Obsessive users are different from casual users in three crucial ways. First, they notice detail. A casual pub guide user might glance at the list and pick the nearest option. An obsessive pub enthusiast will notice whether you included the date the pub was established, whether you distinguished between Victorian and Edwardian interiors, whether your description of the atmosphere is specific enough to be useful. They'll also notice - and appreciate - when you get these details right. Detail isn't wasted on them. It's the entire point.

Second, obsessive users have strong opinions. They'll tell you when something is wrong. They'll argue about your choices. They'll suggest improvements. They'll care enough to send you a message at midnight explaining why your categorisation system needs a third tier. This isn't annoyance. This is gold. These people are giving you the most valuable thing a product builder can receive: genuine, passionate, detailed feedback from someone who actually cares about the domain.

Build for the person who will notice whether you used the right shade of Nottingham Forest red. They'll forgive imperfect code. They'll never forgive inauthentic detail. The obsessive user doesn't want polish. They want truth.

Third, obsessive users share. Not broadly - they don't have millions of followers. But they share within their community. And within a niche community, a recommendation from a respected member carries more weight than any advertising campaign. When an obsessive Forest fan shares the Forest quiz with their group chat, it doesn't reach millions of people. It reaches the exact right people. The conversion rate on a niche recommendation is incomparably better than the conversion rate on a mass-market campaign.

Why niche beats broad

The internet changed the economics of niche.
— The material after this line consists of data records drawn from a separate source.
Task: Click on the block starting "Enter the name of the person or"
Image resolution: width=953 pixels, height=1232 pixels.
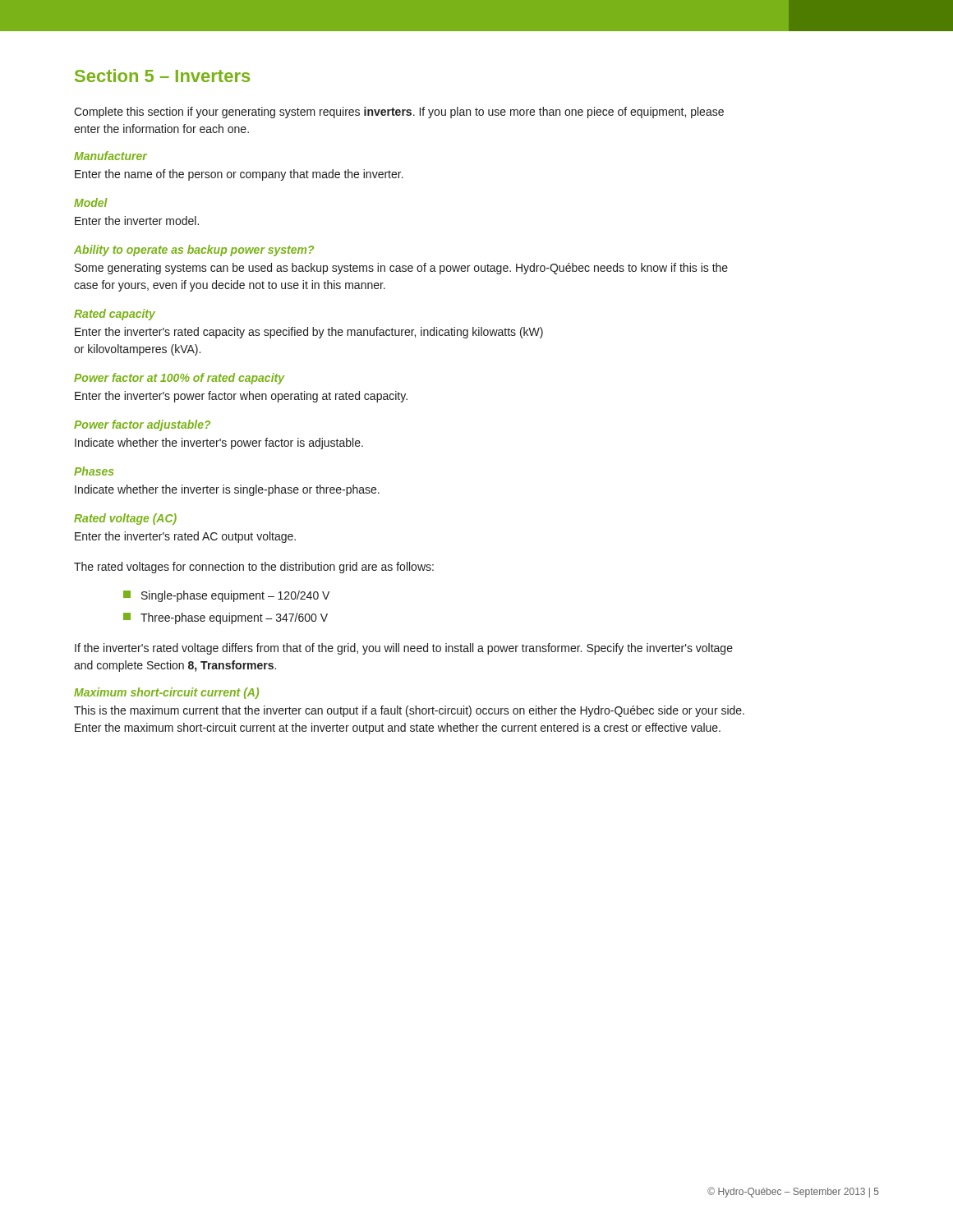Action: 239,174
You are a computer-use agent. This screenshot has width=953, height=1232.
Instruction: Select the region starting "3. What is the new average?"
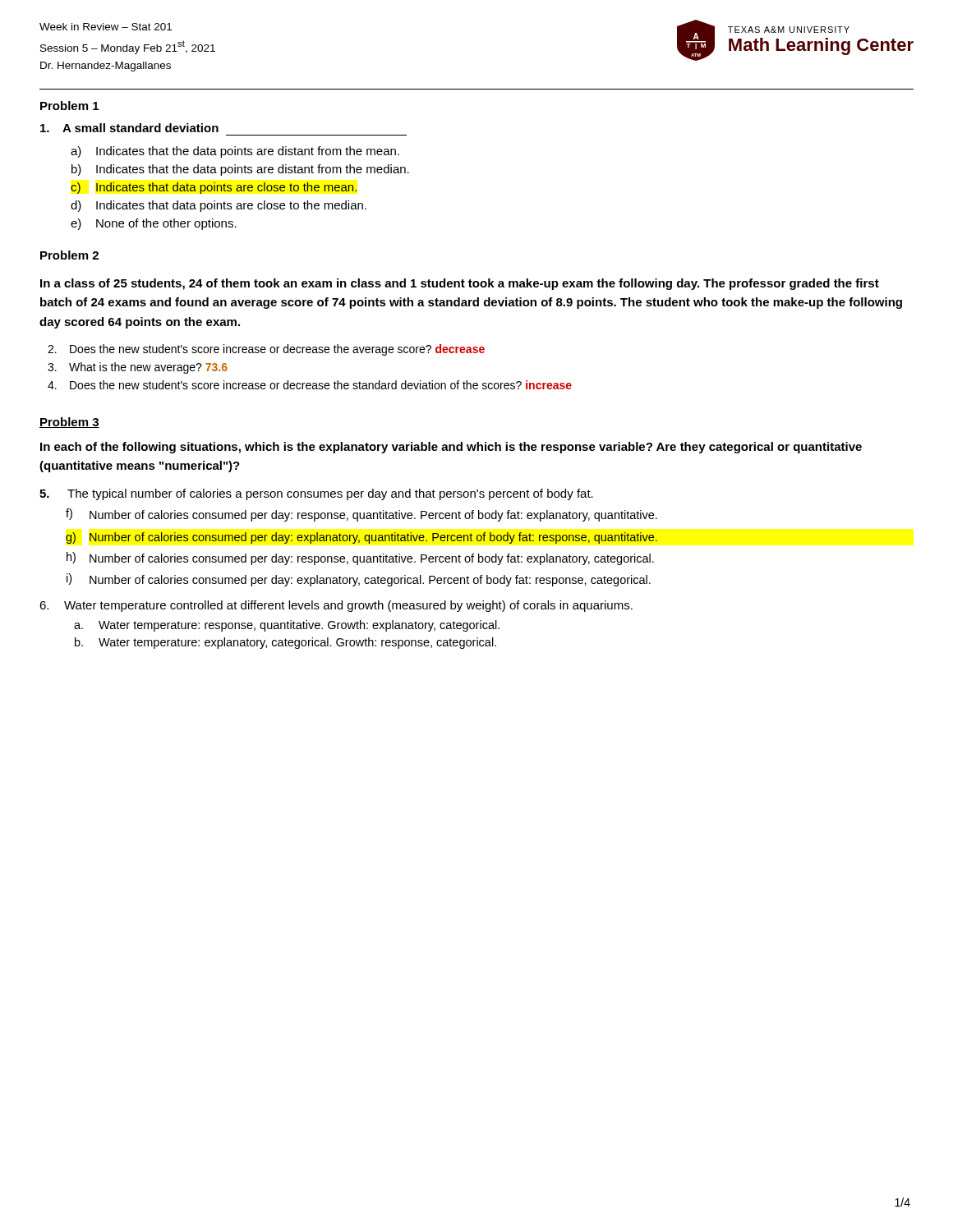pos(138,367)
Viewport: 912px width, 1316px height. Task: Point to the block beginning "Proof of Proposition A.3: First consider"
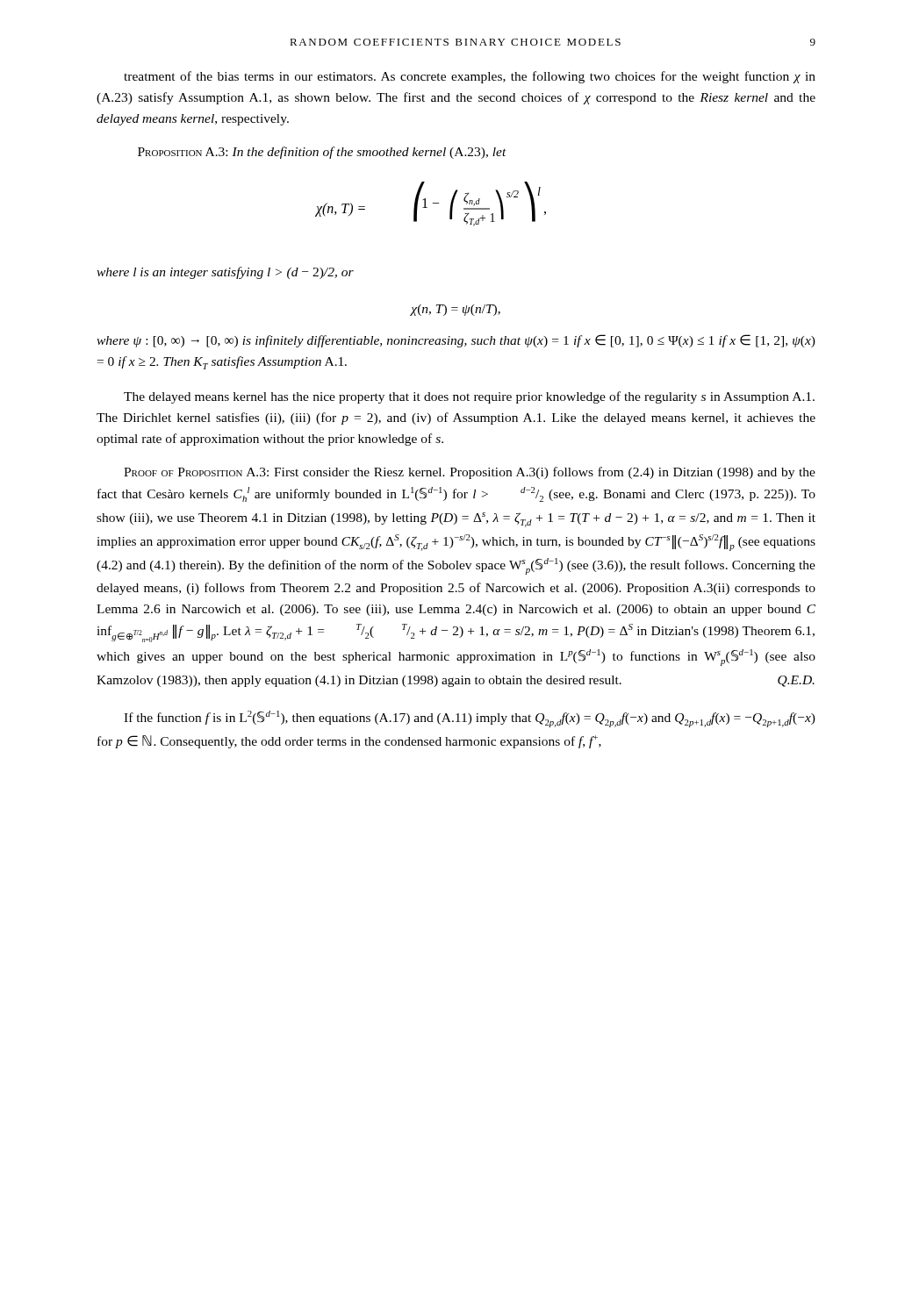(456, 577)

Before the internet, a product for Forest fans or Japanese food enthusiasts in London couldn't sustain itself because the addressable market was limited by geography. You needed people to physically show up at a specific location. The internet removes that constraint. A niche audience, spread across a city, a country, or the world, can collectively support a product that would have been impossible in the pre-digital era.

This is Kevin Kelly's 1,000 True Fans thesis, and it's more relevant now than when he wrote it. You don't need millions of users. You need hundreds - maybe thousands - of people who care deeply. Who visit regularly. Who share with their friends. Who feel a sense of ownership over the product because it was built for them, specifically, rather than for everyone, generically.

🎯
The niche test: If you can describe your ideal user in a single sentence without using the word "everyone," you're on the right track. "Parents in London looking for weekend activities with under-fives" is a niche. "People who want to do things" isn't.

Oishii London works because it isn't a restaurant guide for London. It's a restaurant guide for Japanese food obsessives in London. That constraint - that specific focus on one cuisine, one city, one type of person - allows it to go deep in a way that a general restaurant guide never could. It can distinguish between different styles of ramen. It can recommend the best place for specific cuts of sashimi. It can have opinions about the authenticity of an izakaya in Soho that would be meaningless in a broader guide but are exactly what its audience wants.

Designing with depth

When you design for obsessives, the entire approach shifts. You stop asking "what features do most users need?" and start asking "what details would delight someone who knows this subject deeply?" The answer to the second question is always more interesting than the answer to the first.

For the Forest quiz, I didn't just include basic facts that any casual fan would know. I went deep - player statistics from specific seasons, transfer details, historical matches that only dedicated fans would remember. The quiz is hard. Deliberately hard. A casual football fan would find it frustrating. A Forest obsessive finds it thrilling, because finally, someone has built something that treats their knowledge seriously.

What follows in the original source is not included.